--- Entries shown Enclosed Below ---
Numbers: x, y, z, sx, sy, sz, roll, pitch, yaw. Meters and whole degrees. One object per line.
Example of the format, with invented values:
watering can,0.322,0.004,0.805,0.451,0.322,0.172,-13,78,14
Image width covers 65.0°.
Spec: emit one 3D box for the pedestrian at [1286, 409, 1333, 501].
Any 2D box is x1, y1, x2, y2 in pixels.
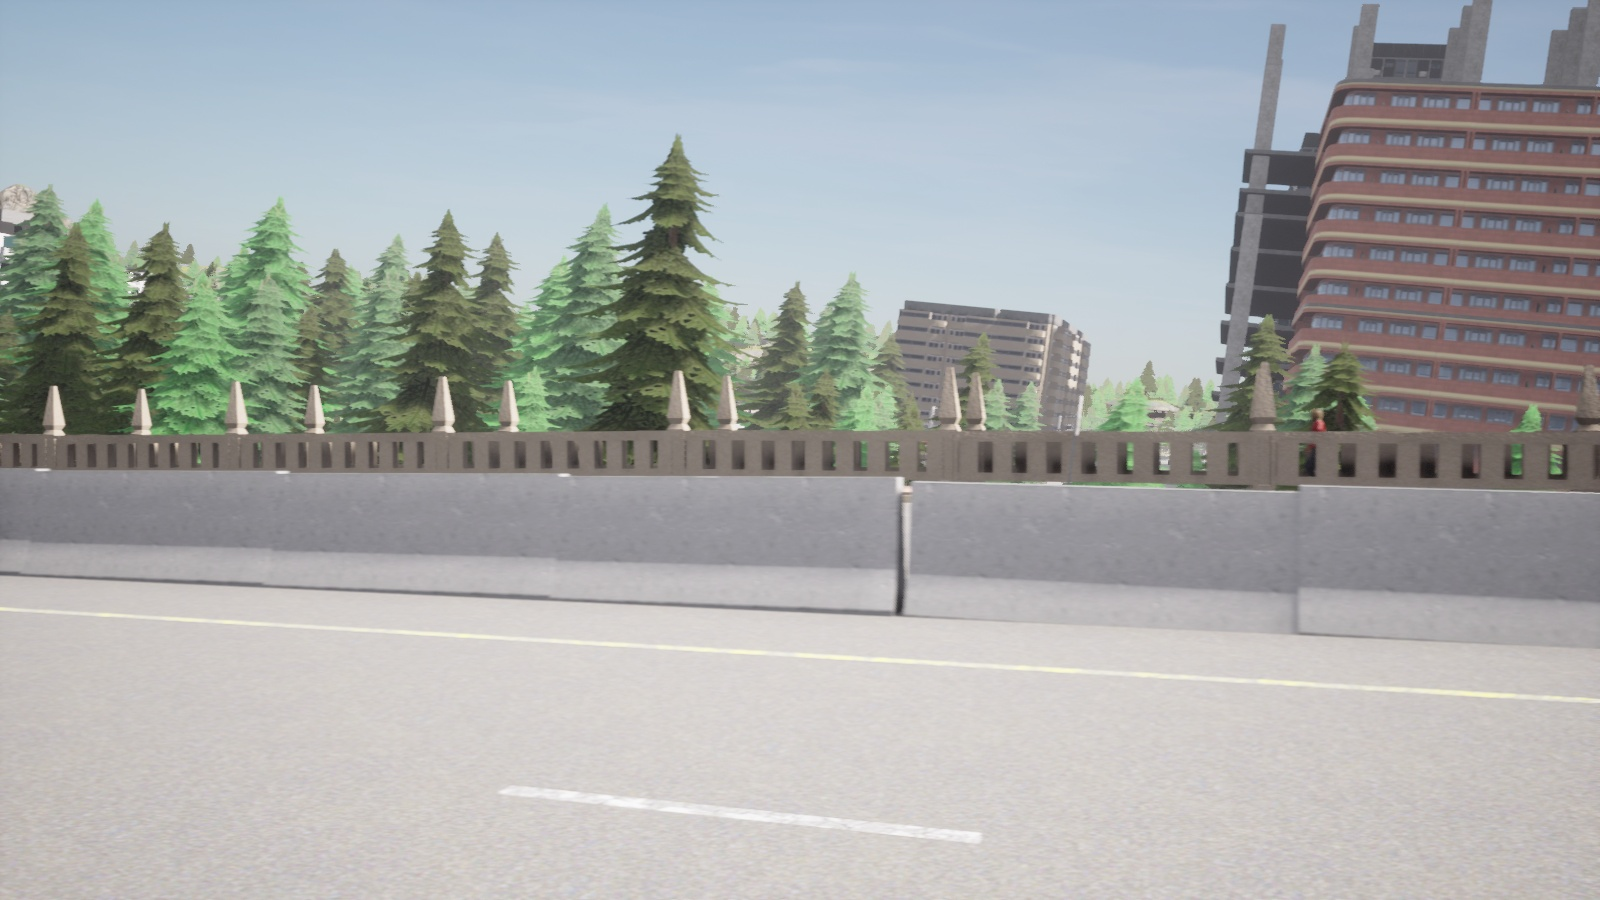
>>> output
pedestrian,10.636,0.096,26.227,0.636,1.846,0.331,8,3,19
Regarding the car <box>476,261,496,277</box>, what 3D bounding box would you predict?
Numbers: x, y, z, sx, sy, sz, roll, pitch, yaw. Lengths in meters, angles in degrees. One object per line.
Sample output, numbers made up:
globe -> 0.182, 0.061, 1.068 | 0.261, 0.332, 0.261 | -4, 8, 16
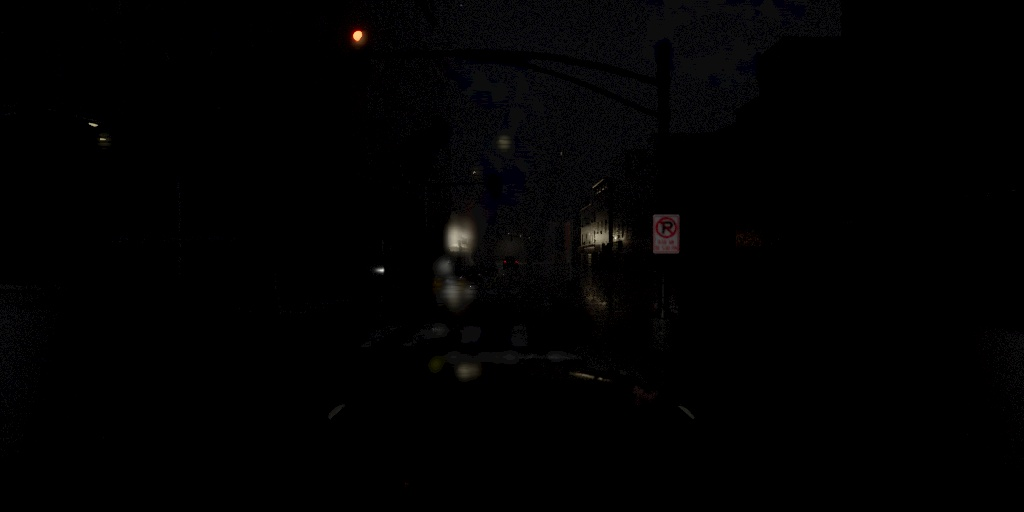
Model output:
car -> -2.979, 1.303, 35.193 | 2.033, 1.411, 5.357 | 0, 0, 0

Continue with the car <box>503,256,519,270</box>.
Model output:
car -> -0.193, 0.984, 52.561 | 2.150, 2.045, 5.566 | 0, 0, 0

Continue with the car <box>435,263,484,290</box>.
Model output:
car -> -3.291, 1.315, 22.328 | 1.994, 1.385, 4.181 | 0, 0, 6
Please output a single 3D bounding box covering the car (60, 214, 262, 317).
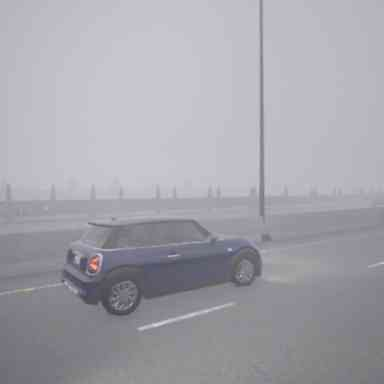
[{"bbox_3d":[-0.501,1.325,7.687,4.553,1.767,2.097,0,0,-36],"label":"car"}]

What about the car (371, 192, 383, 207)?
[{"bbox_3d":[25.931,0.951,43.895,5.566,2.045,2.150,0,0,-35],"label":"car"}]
--- End of Enclosed Entries shown ---
• **Task to complete**
Please return the full listing word for word, but without any pictures.

• **Your response**
Numbers: x, y, z, sx, sy, sz, roll, pitch, yaw. Meters and whole degrees. One object per line.
Example of the format, with invented values:
watering can,0.322,0.004,0.805,0.451,0.322,0.172,-13,78,14
Image width covers 65.0°.
Spec: emit one 3D box for the pedestrian at [1286, 409, 1333, 501].
Any 2D box is x1, y1, x2, y2 in pixels.
>>> output
pedestrian,10.636,0.096,26.227,0.636,1.846,0.331,8,3,19
Regarding the car <box>476,261,496,277</box>, what 3D bounding box would you predict?
Numbers: x, y, z, sx, sy, sz, roll, pitch, yaw. Lengths in meters, angles in degrees. One object per line.
Sample output, numbers made up:
globe -> 0.182, 0.061, 1.068 | 0.261, 0.332, 0.261 | -4, 8, 16
Model output:
car -> -2.979, 1.303, 35.193 | 2.033, 1.411, 5.357 | 0, 0, 0

Continue with the car <box>503,256,519,270</box>.
Model output:
car -> -0.193, 0.984, 52.561 | 2.150, 2.045, 5.566 | 0, 0, 0

Continue with the car <box>435,263,484,290</box>.
Model output:
car -> -3.291, 1.315, 22.328 | 1.994, 1.385, 4.181 | 0, 0, 6
Please output a single 3D bounding box covering the car (60, 214, 262, 317).
[{"bbox_3d":[-0.501,1.325,7.687,4.553,1.767,2.097,0,0,-36],"label":"car"}]

What about the car (371, 192, 383, 207)?
[{"bbox_3d":[25.931,0.951,43.895,5.566,2.045,2.150,0,0,-35],"label":"car"}]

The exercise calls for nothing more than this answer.